Some states have adopted strategies aimed at keeping residents in one place during staffing shortages. At least ten of them have created special strike teams that can flood nursing homes with staff and supplies during coronavirus outbreaks. Others have mobilized National Guard units.
Alabama health officials took a more hands-off approach when Attalla Health and Rehab became overwhelmed in July, assisting over the phone while staff tried to coordinate the care and relocation of dozens of residents, Lester said. Dr. Karen Landers, area health officer for the Alabama Department of Public Health, said the department can call for volunteer nurses, but does not have the capacity to create a team.
“We really do not have the staff to do that,” Landers said. “Most of our nurses are fully engaged in other aspects of our COVID response.”
Jamie Harding, spokeswoman for the AARP of Alabama, said the transfer and subsequent outbreaks reveal shortcomings in the state’s approach to COVID-19 in nursing homes. The AARP has asked state leaders to help facilities improve staffing and care. They’ve also requested more up-to-date information about nursing home outbreaks.
Officials with the Alabama Department of Public Health have refused to release details about its nursing home coronavirus plan. And it is one of just a handful of states not releasing data on nursing home cases.

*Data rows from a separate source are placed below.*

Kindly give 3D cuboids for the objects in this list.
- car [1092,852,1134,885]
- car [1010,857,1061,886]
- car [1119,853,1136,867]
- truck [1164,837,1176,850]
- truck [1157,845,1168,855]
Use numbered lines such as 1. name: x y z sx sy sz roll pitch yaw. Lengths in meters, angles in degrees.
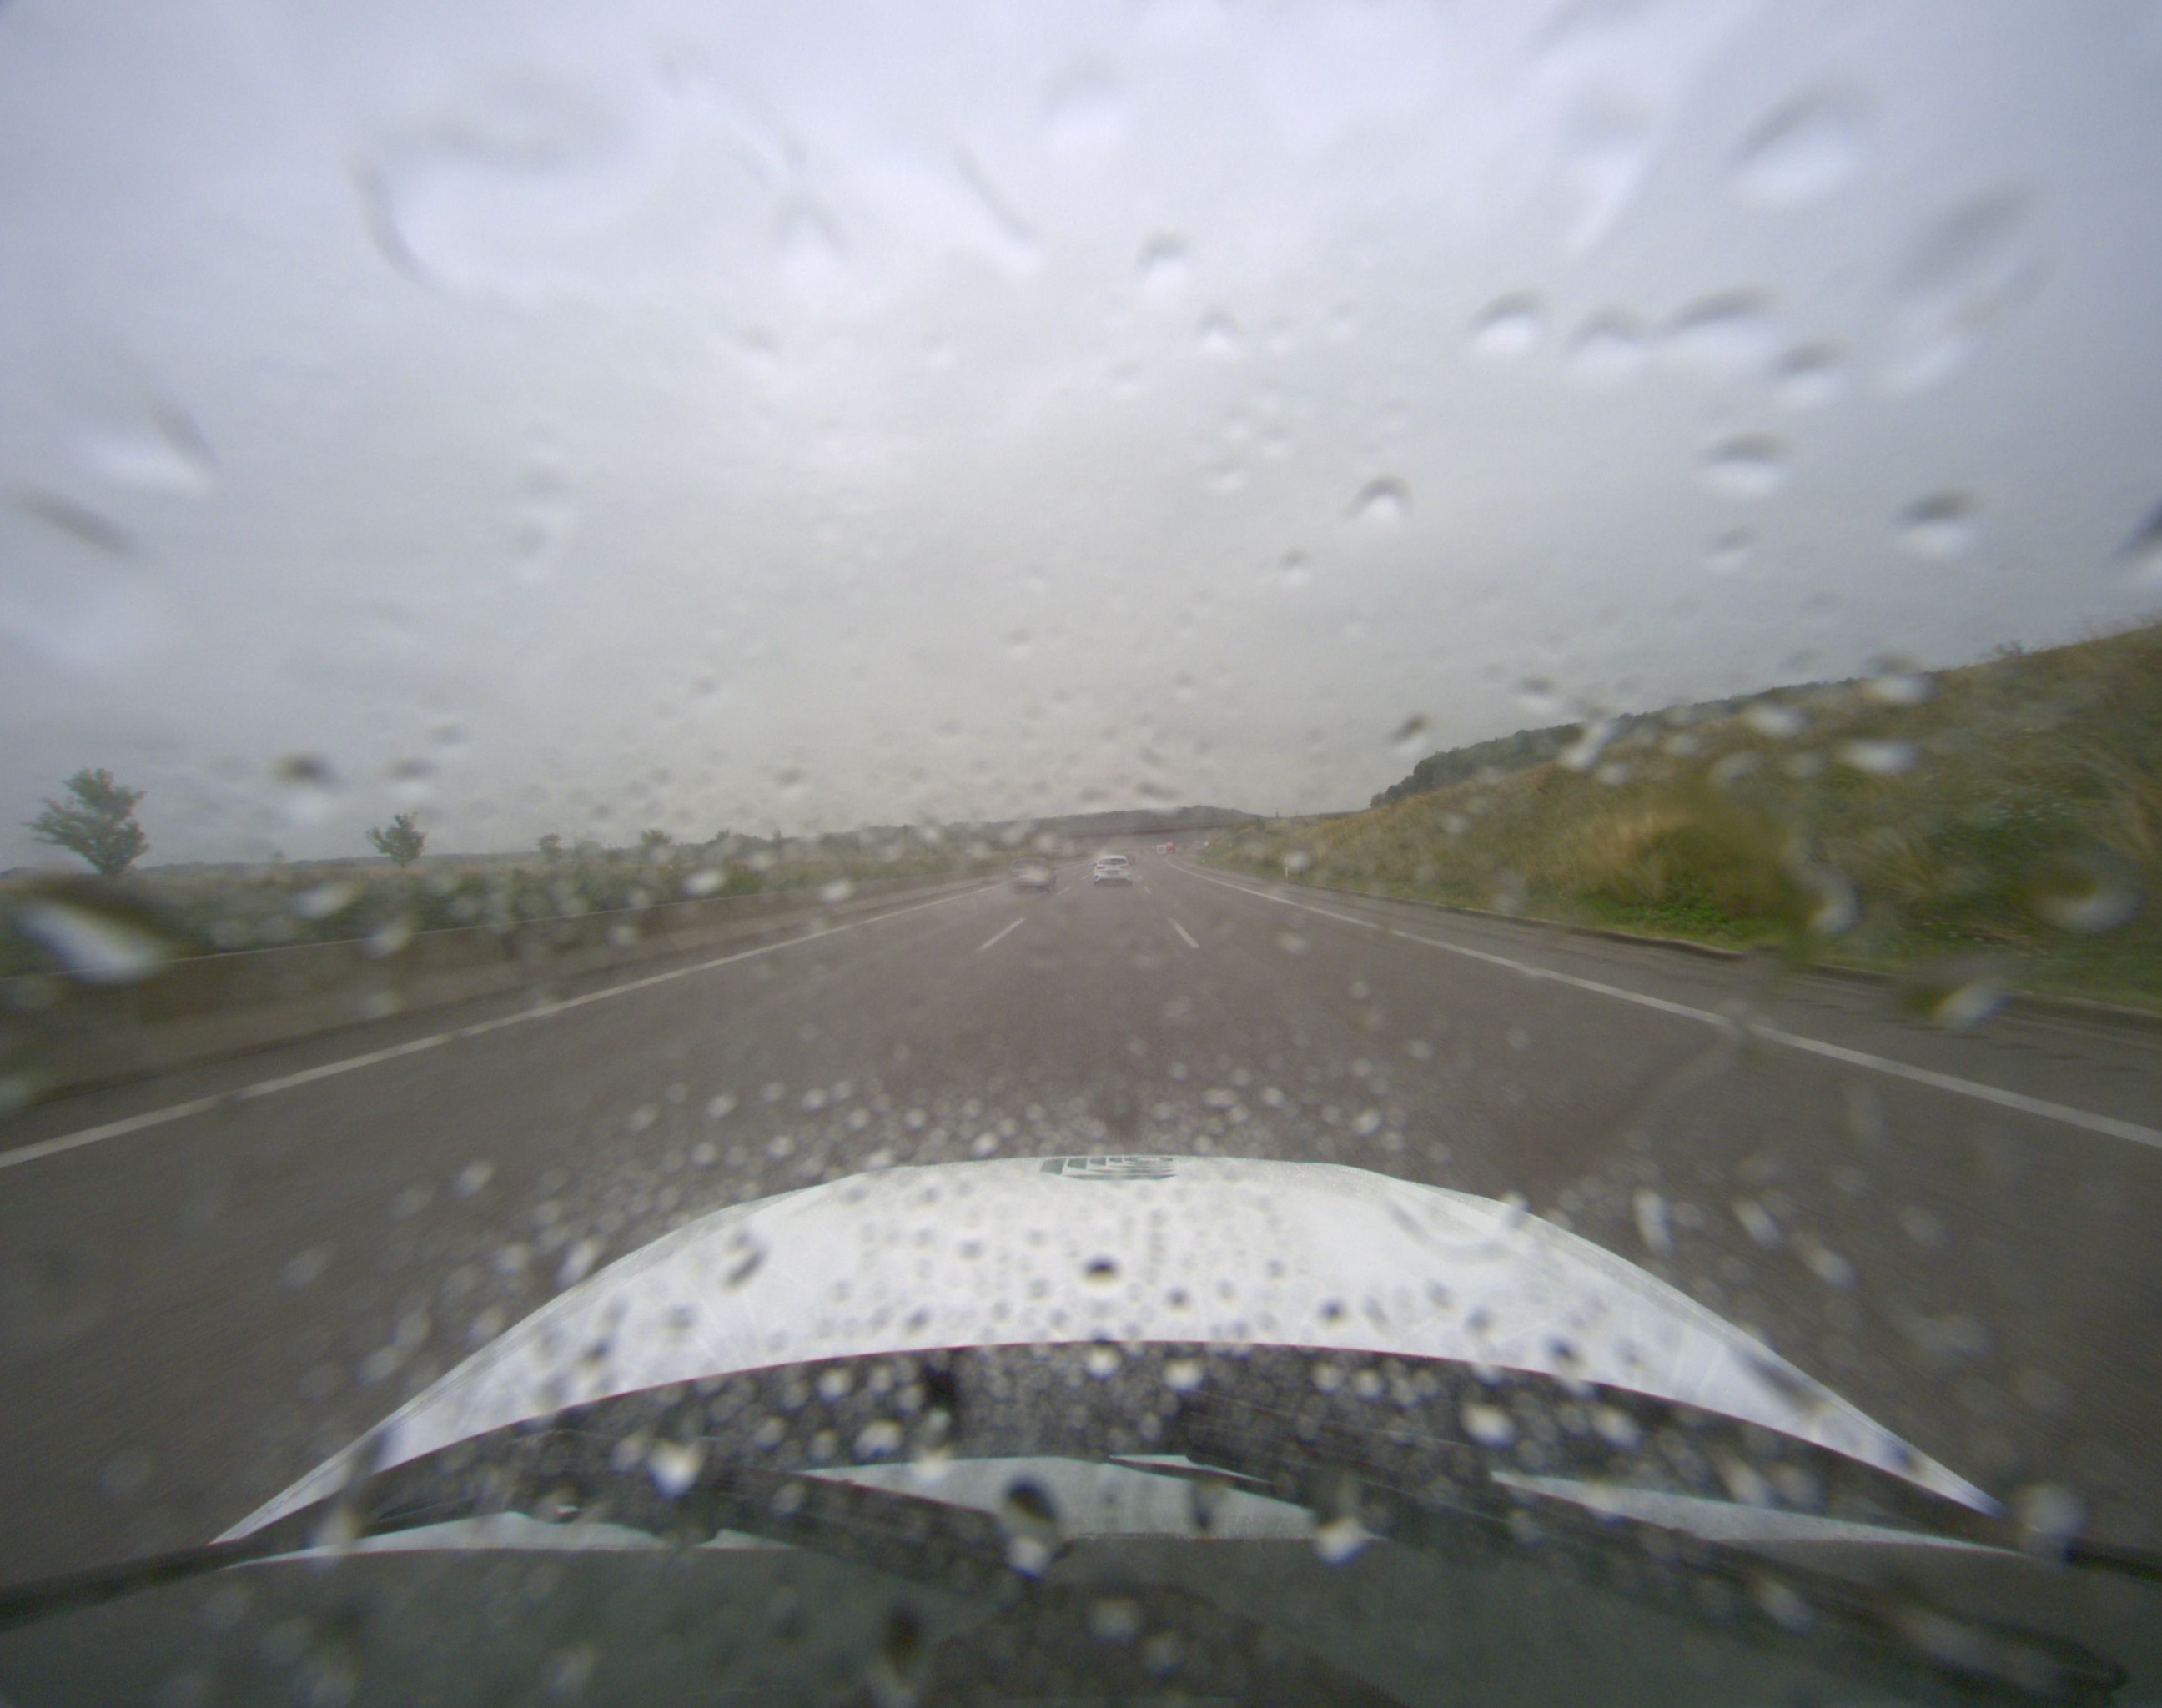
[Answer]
1. car: 1.496 0.666 39.198 1.861 1.463 4.000 -1 0 0
2. car: -1.848 0.715 34.386 1.817 1.156 4.213 -1 -1 1
3. car: 5.565 0.669 98.477 1.985 1.618 4.003 -1 0 3
4. truck: 27.876 -3.367 255.464 3.509 3.742 11.446 -1 1 6
5. truck: 19.862 -1.045 198.045 2.394 2.252 4.704 -1 0 8

“I think again, we have seen so little transparency from our state leadership, and this is just another instance of it,” Harding said. “We know nursing homes were not overstaffed before we had COVID and now they are really struggling. What we really want to see is a strategic plan for how these facilities are going to operate safely.”
The end of the road
Phyllis Meek, 82, lost her husband William Meek at the beginning of September. Meek was 83 and suffered from dementia. Still, he remained physically strong, wearing out the soles of his shoes as he paced the long corridors. William Meek lived at Trussville Health and Rehab for two years, she said.
When coronavirus arrived at the nursing home, Meek had to stay in his room. That was hard, said his wife.
“He would call and beg me to take him home,” Phyllis Meek said. “He was so unhappy there because he wanted his freedom like he always had.”
In late August, Meek said staff members said her husband went to the hospital, where he tested positive for coronavirus. Within days, he was placed on a ventilator. William Meek is one of six residents who died from coronavirus at the facility, according to the Centers for Medicare and Medicaid Services.
“That virus ravaged him unmercifully,” Meek said. “It attacked the kidney, the heart, the lungs. He was on so many machines, my kids said they couldn’t get near his bed.”